Exercise instructions.
Nothing but the exact text of the entries should appear in your answer; pictures stay out.

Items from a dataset
○ ○ ○ ○ ○

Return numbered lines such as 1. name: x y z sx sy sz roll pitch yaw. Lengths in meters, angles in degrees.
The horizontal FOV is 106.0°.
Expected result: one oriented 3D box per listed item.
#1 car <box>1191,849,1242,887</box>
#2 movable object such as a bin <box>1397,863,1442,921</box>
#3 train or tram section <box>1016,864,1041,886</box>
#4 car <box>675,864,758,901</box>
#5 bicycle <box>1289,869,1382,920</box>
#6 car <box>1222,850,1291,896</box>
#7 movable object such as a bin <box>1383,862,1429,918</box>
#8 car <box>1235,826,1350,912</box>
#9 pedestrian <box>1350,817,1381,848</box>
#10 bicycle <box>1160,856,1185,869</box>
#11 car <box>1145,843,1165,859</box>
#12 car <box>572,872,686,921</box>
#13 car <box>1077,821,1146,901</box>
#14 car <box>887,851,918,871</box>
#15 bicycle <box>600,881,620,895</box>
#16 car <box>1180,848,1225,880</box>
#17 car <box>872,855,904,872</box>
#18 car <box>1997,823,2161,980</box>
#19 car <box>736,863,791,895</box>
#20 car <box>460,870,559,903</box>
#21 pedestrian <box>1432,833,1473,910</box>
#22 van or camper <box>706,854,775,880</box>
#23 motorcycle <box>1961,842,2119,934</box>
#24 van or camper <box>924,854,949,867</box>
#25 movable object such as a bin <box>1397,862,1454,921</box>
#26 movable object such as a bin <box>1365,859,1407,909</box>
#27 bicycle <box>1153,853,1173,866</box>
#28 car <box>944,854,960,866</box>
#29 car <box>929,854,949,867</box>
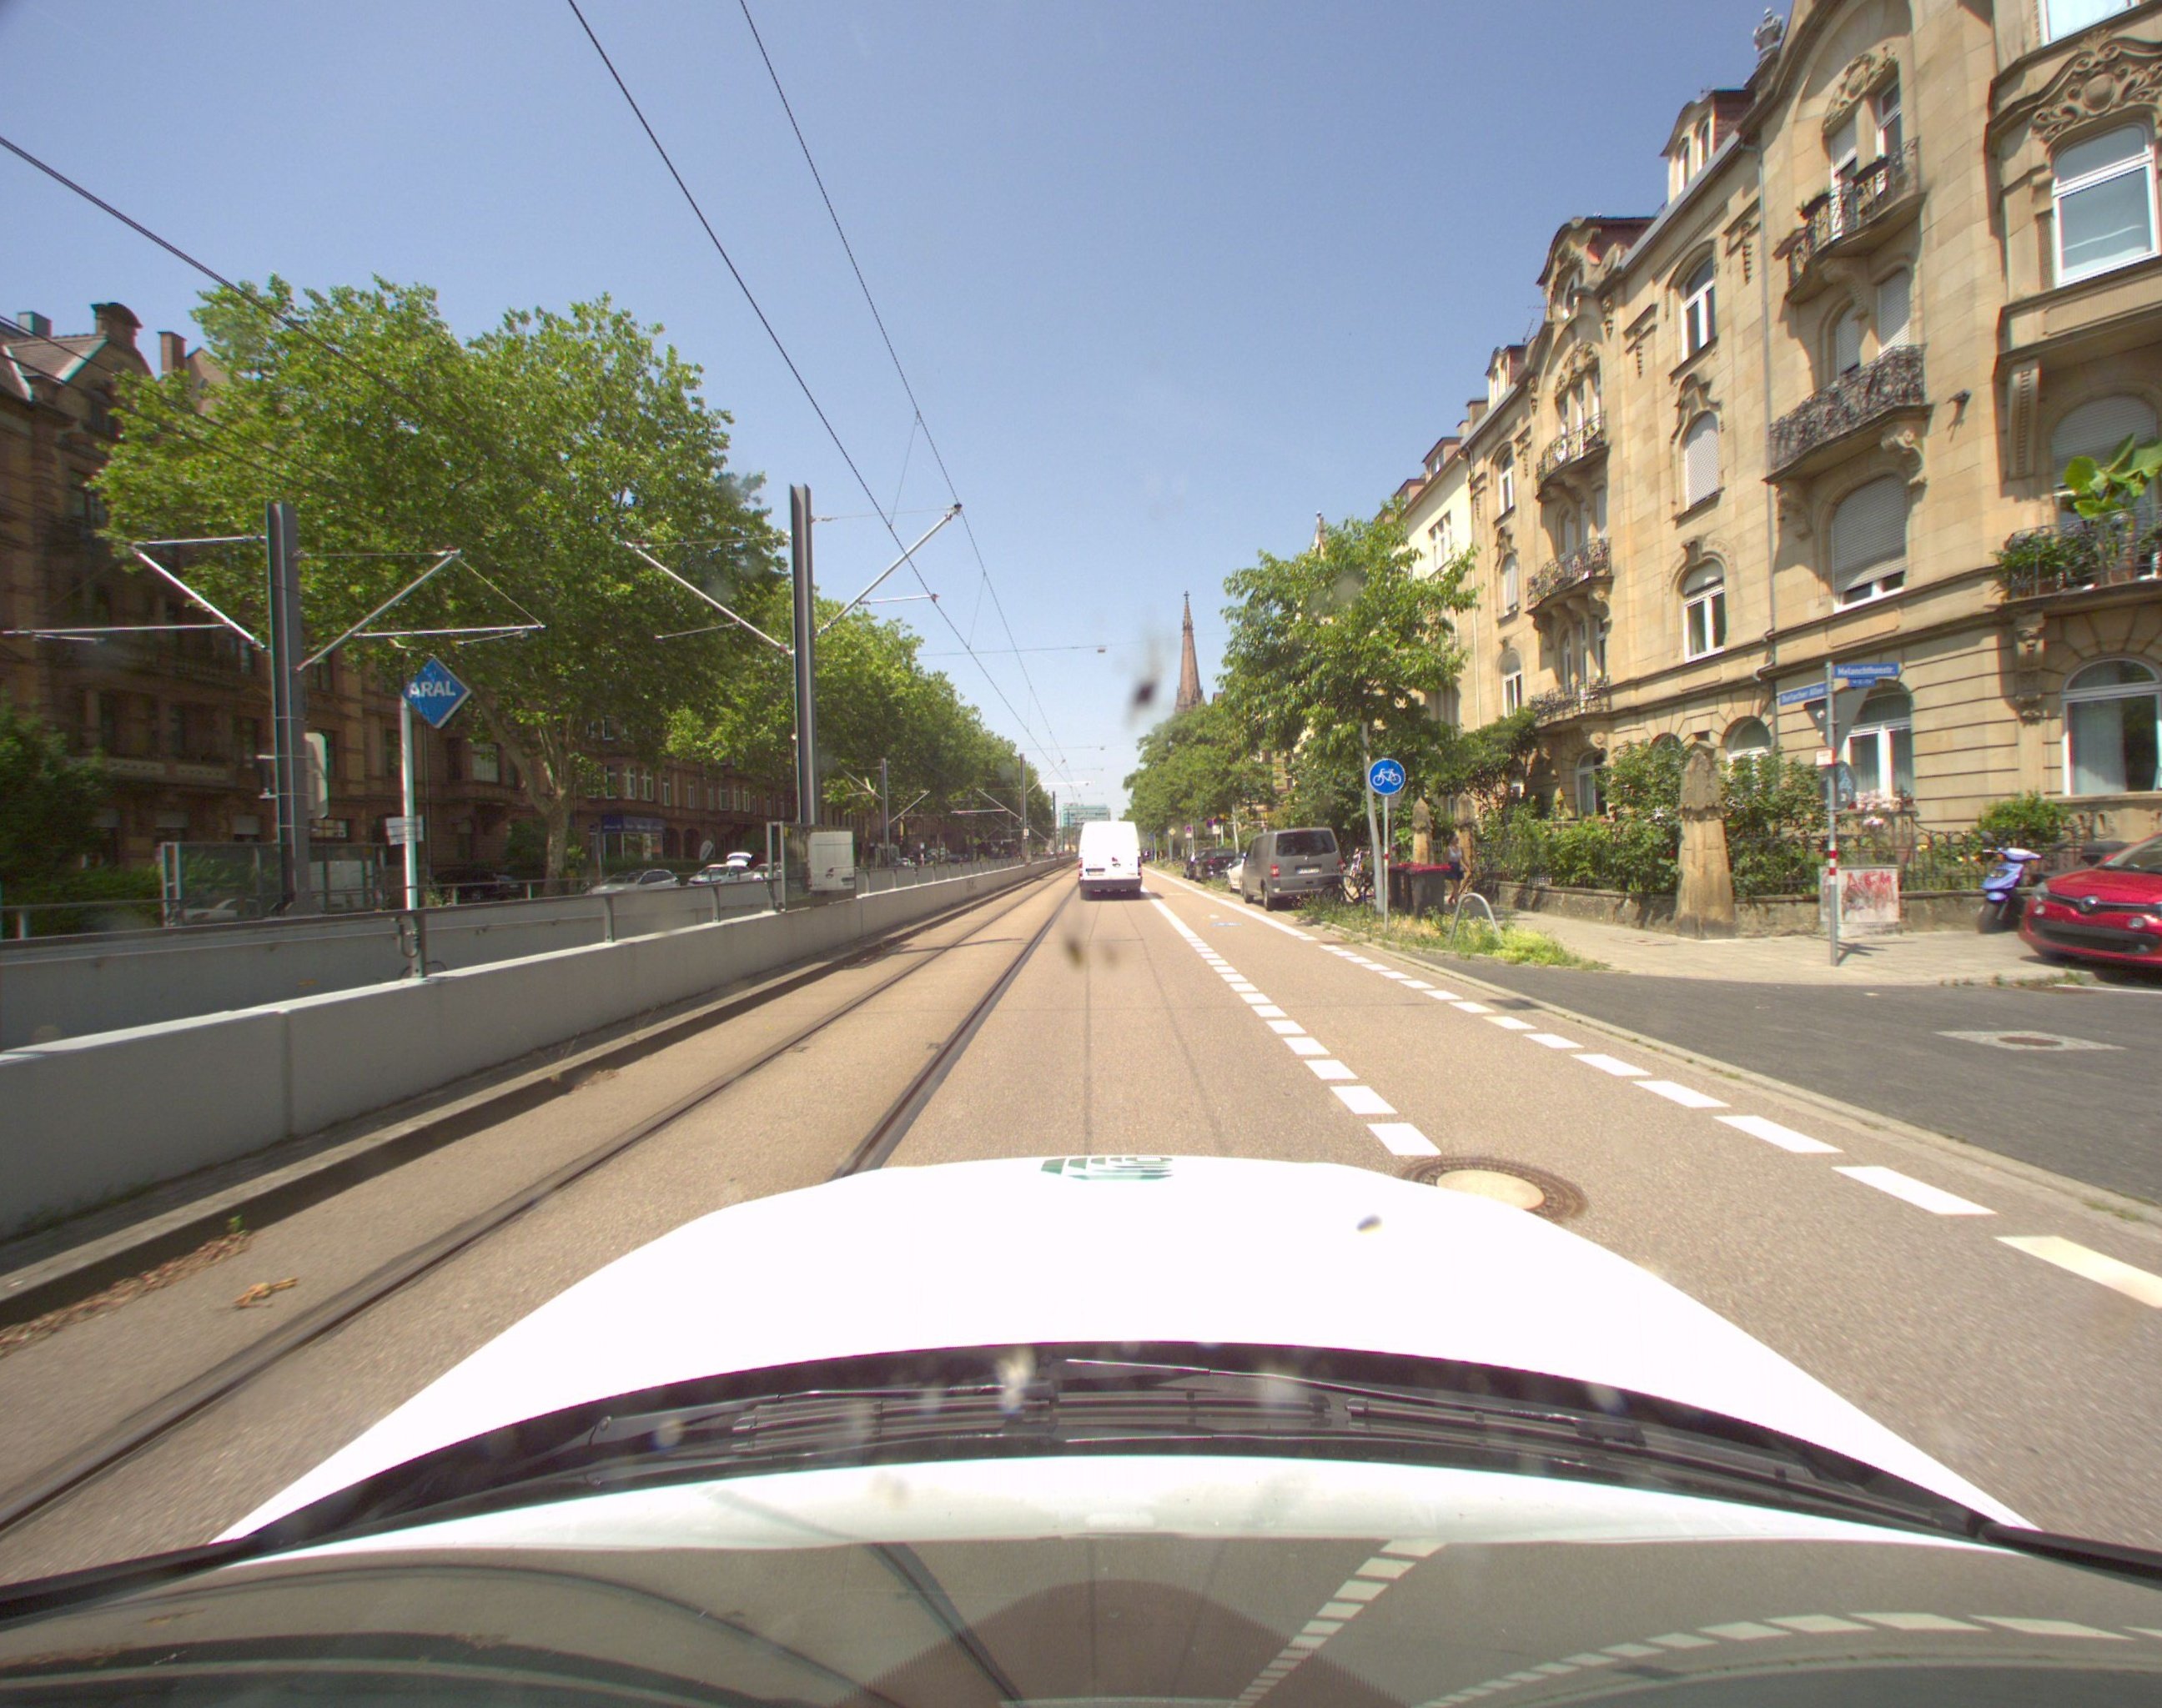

○ ○ ○ ○ ○

Task answer.
Return numbered lines such as 1. name: x y z sx sy sz roll pitch yaw. Lengths in meters, angles in degrees.
The horizontal FOV is 106.0°.
Expected result: one oriented 3D box per listed item.
#1 car <box>1191,849,1242,887</box>
#2 movable object such as a bin <box>1397,863,1442,921</box>
#3 train or tram section <box>1016,864,1041,886</box>
#4 car <box>675,864,758,901</box>
#5 bicycle <box>1289,869,1382,920</box>
#6 car <box>1222,850,1291,896</box>
#7 movable object such as a bin <box>1383,862,1429,918</box>
#8 car <box>1235,826,1350,912</box>
#9 pedestrian <box>1350,817,1381,848</box>
#10 bicycle <box>1160,856,1185,869</box>
#11 car <box>1145,843,1165,859</box>
#12 car <box>572,872,686,921</box>
#13 car <box>1077,821,1146,901</box>
#14 car <box>887,851,918,871</box>
#15 bicycle <box>600,881,620,895</box>
#16 car <box>1180,848,1225,880</box>
#17 car <box>872,855,904,872</box>
#18 car <box>1997,823,2161,980</box>
#19 car <box>736,863,791,895</box>
#20 car <box>460,870,559,903</box>
#21 pedestrian <box>1432,833,1473,910</box>
#22 van or camper <box>706,854,775,880</box>
#23 motorcycle <box>1961,842,2119,934</box>
#24 van or camper <box>924,854,949,867</box>
#25 movable object such as a bin <box>1397,862,1454,921</box>
#26 movable object such as a bin <box>1365,859,1407,909</box>
#27 bicycle <box>1153,853,1173,866</box>
#28 car <box>944,854,960,866</box>
#29 car <box>929,854,949,867</box>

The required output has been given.